Single mux justru bukan monopoli, sebaliknya justru memberi keadilan bagi masyarakat karena tiap penyelenggara (Lembaga Penyiaran Swasta/LPS) hanya akan diberikan satu kanal, dan setiap kanal berisi 12 channel,” tuturnya di sela-sela Rapat Pleno Baleg dengan Komisi I di Gedung DPR RI, Senayan, Senin (02/10/2017) malam.

 

Ia menjelaskan, dalam rapat yang berlangsung tertutup tersebut, perbedaan pandangan tentang tata cara perpindahan televisi analog ke digital sangat alot. Sementara hanya ada dua fraksi yang sudah menyampaikan sikapnya, yakni Fraksi Gerindra dan Fraksi Golkar. Menurutnya, penguasaan frekuensi harus diberikan kepada negara (single mux operator), mengingat frekuensi adalah sumber yang alam terbatas.

 

“Kita tetap konsisten untuk  single mux, sementara fraksi golkar mengusulkan hybrid.

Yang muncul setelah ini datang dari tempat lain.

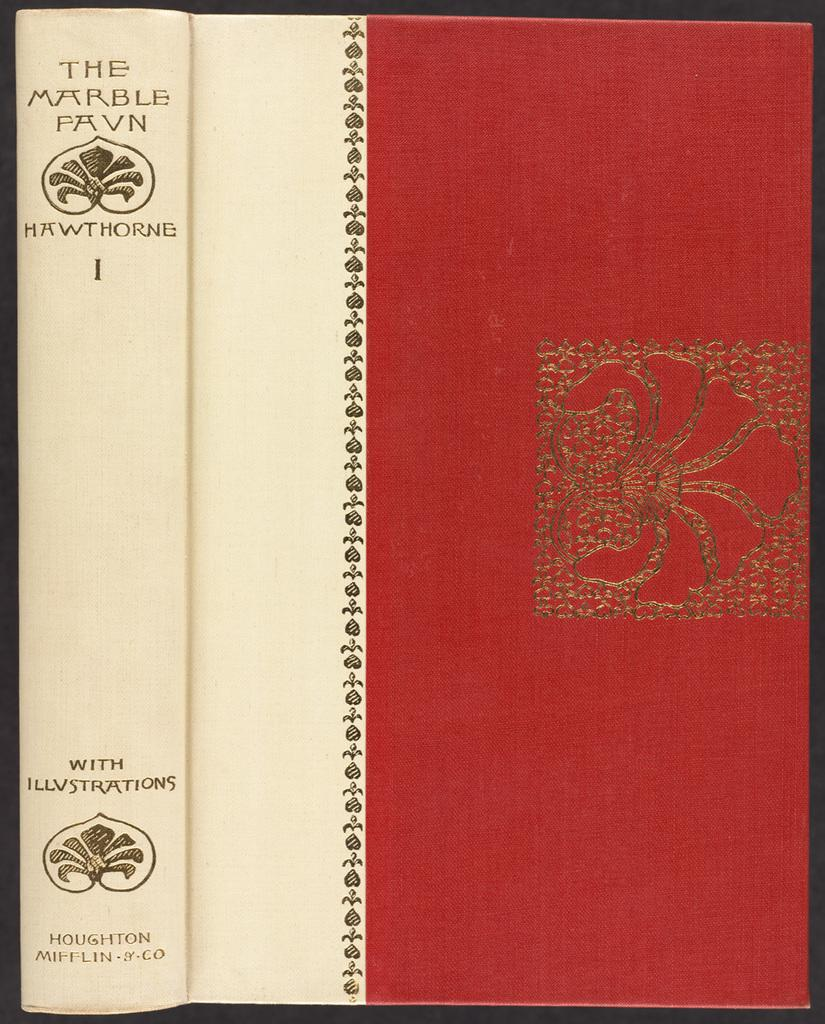<image>
Offer a succinct explanation of the picture presented. A red and white hardback book. On the spine it has text: "With Illustrations"

Namun, Hybrid kan belum dikenal, jadi dibutuhkan  sebuah rumusan yang tetap mengatur peran swasta juga bisa terlibat, terutama bagaimana negara memiliki kekuasaan atas frekuensi, sehingga negara tidak dirugikan,” jelas politisi Gerindra ini.

 

"Ada 10 frekuensi yang sudah dikuasai swasta, selebihnya itu 30 akan ditarik dan dikuasai oleh negara," sambungnya.

 

Sementara, Fraksi Golkar mengusulkan sistem hybrid mux operator dalam sistem imigrasi televisi analog ke digital. Dengan alasan pertimbangan demokrasi penyiaran dan mempertimbangkan kesiapan lembaga penyiaran di Indonesia, dalam hal ini Lembaga Penyiaran Publik Radio Televisi Republik Indonesia (LPP RTRI) sebagai bentuk satu-satunya penyelenggara penyiaran multipleksing digital. (ann/sc)

 


  • SHARES
BERITA TERKAIT
RUU Masyarakat Hukum Adat Didorong Segera Selesai
14-12-2018 / BADAN LEGISLASI
Wakil Ketua Badan Legislasi (Baleg) DPR RI Arif Wibowo mendorong Rancangan Undang-Undang (RUU) Masyarakat Hukum Adat segera selesai di sisa...
Baleg DPR Serap Aspirasi RUU Masyarakat Hukum Adat di Riau
13-12-2018 / BADAN LEGISLASI
Badan Legislasi (Baleg) DPR RI melaksanakan Kunjungan Kerja (Kunker) ke Provinsi Riau dalam rangka menyerap aspirasi penyusunan Program Legislasi Nasional...
DPRD Malang Studi Penyusunan RUU di Baleg
11-12-2018 / BADAN LEGISLASI
DPRD Kota Malang melakukan audiensi terkait penyusunan Rancangan Undang-Undang (RUU) di Badan Legislasi (Baleg) DPR RI. Rombongan anggota DPRD Kota...
Baleg DPR Terima Kunjungan Mahasiswa Ilmu Hukum Untirta
07-12-2018 / BADAN LEGISLASI
Badan Legislasi (Baleg) DPR RI menerima kunjungan studi lapangan 100 mahasiswa Fakultas Ilmu Hukum Universitas Sultan Ageng Tirtayasa (Untirta). Kepada...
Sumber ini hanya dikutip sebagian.